Description: A low-carb breakfast or snack that’s portable and protein-rich.
Prep Time: 10 mins | Cook Time: 20 mins | Servings: 6 muffins
Ingredients:
4 eggs
1/2 cup chopped broccoli
1/4 cup shredded cheddar
Salt, pepper
Instructions:
Mix all ingredients, pour into muffin tin.
Bake at 350°F for 20 mins.
Meal Prep Tips:
Store in fridge up to 5 days.
10. Cabbage Stir-Fry with Tempeh

Description: Low-cal, fiber-rich, and full of plant protein.
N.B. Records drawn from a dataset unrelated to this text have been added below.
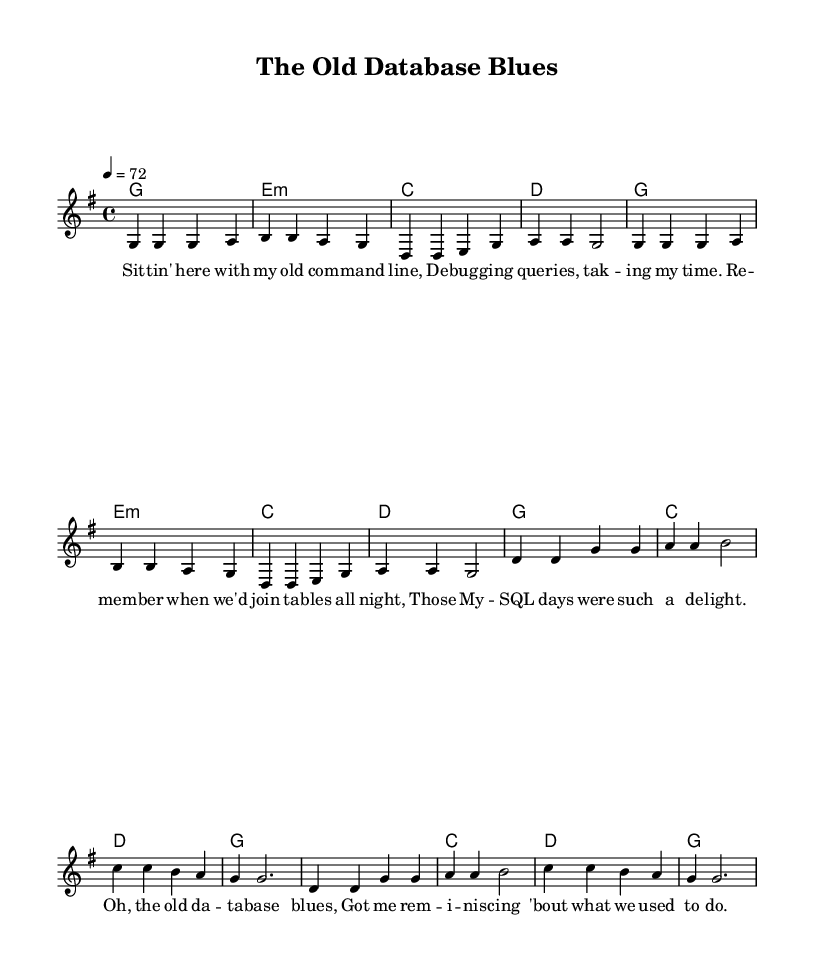What is the key signature of this music? The key signature is indicated at the beginning of the score. It shows one sharp, which means the key is G major.
Answer: G major What is the time signature of this music? The time signature is located at the beginning of the score, showing four beats per measure with a quarter note receiving one beat, indicated as 4/4.
Answer: 4/4 What is the tempo of this piece? The tempo marking is found in the global section, where it states that the tempo is set at 72 beats per minute, with each quarter note getting one beat.
Answer: 72 How many sections does this song have? By looking at the structure of the music, we can identify one verse and one chorus section, making a total of two distinct sections.
Answer: 2 What is the final chord of the chorus? The final chord of the chorus is specified in the chord progression and can be identified as the last chord in the chorus section, which is G major.
Answer: G What theme is primarily presented in the lyrics? The lyrics revolve around reminiscing about old computer systems and experiences related to debugging and using databases, forming a nostalgic theme that reflects on the past.
Answer: Nostalgia What type of musical verse is used in this ballad? The music has a regular verse-chorus structure, which is typical in country ballads, providing a narrative quality through its repeated segments.
Answer: Verse-chorus 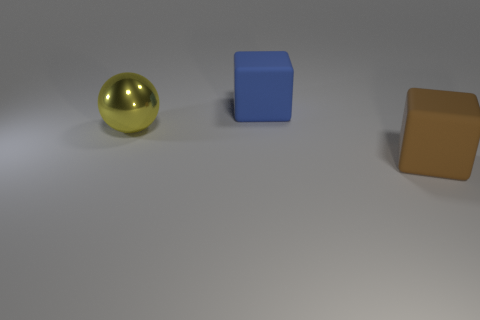Are there any other things that are the same material as the big yellow ball?
Ensure brevity in your answer.  No. Is the large blue thing the same shape as the big brown object?
Make the answer very short. Yes. What number of yellow balls are the same material as the yellow object?
Offer a very short reply. 0. There is a large object to the right of the big block that is behind the big thing in front of the yellow metallic object; what shape is it?
Provide a short and direct response. Cube. There is another thing that is the same shape as the large blue matte object; what color is it?
Ensure brevity in your answer.  Brown. There is a thing that is both behind the big brown object and in front of the big blue matte thing; what size is it?
Provide a succinct answer. Large. What number of big metallic balls are behind the matte object in front of the large block behind the big brown cube?
Provide a succinct answer. 1. What number of small things are either blue objects or metal objects?
Provide a short and direct response. 0. Is the cube on the left side of the brown object made of the same material as the big brown thing?
Ensure brevity in your answer.  Yes. What material is the big cube that is to the left of the rubber block on the right side of the big cube behind the big ball?
Your answer should be very brief. Rubber. 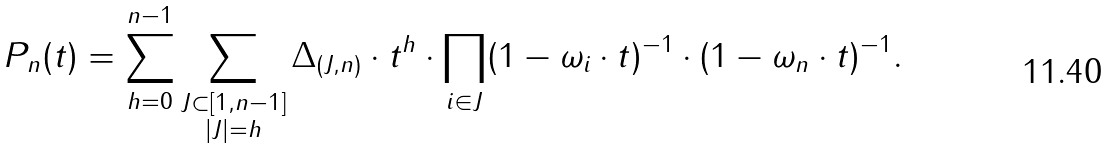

Prep Time: 10 mins | Cook Time: 15 mins | Servings: 4
Ingredients:
1 block tempeh, cubed
2 cups shredded cabbage
Soy sauce, ginger, garlic
Instructions:
Sauté tempeh until golden.
Add cabbage and sauce, cook until tender.
Meal Prep Tips:
Reheat in skillet or microwave.
Conclusion
Low-carb doesn’t have to mean low-satisfaction. These meal prep-friendly recipes offer flavor, variety, and plenty of staying power. Whether you’re keto, low-carb curious, or just want to reduce refined carbs, this list has your week covered—deliciously.